Items from a dataset
▬▬▬▬▬▬

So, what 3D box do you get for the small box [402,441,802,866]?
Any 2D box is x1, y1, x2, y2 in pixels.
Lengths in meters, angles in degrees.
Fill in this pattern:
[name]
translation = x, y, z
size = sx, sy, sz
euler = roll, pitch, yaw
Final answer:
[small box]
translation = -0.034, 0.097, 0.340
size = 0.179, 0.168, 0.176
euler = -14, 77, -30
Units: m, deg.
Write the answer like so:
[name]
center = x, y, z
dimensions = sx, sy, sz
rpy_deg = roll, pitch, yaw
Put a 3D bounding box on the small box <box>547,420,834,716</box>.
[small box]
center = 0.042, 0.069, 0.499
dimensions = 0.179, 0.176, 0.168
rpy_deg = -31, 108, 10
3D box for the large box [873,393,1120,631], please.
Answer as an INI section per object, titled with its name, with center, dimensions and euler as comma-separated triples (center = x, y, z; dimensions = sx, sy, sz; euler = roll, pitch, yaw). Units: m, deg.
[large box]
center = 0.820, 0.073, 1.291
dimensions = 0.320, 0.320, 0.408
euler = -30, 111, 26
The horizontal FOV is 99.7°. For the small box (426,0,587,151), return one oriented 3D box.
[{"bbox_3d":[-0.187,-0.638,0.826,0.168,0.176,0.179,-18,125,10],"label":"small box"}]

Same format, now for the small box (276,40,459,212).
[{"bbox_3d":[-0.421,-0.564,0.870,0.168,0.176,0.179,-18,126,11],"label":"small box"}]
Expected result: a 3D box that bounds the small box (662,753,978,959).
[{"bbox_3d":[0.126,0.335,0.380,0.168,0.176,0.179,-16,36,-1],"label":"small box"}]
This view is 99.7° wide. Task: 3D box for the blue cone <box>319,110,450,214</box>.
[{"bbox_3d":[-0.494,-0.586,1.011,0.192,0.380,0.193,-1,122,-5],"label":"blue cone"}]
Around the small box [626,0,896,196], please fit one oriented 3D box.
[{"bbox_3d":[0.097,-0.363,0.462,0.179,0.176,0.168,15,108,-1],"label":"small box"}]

▬▬▬▬▬▬

→ **Problem requirements**: Output the lines above exactly, but only those between the line holding "Write the answer" and the line holding "3D box for the large", inclusive.

→ **Exercise output**:
Write the answer like so:
[name]
center = x, y, z
dimensions = sx, sy, sz
rpy_deg = roll, pitch, yaw
Put a 3D bounding box on the small box <box>547,420,834,716</box>.
[small box]
center = 0.042, 0.069, 0.499
dimensions = 0.179, 0.176, 0.168
rpy_deg = -31, 108, 10
3D box for the large box [873,393,1120,631], please.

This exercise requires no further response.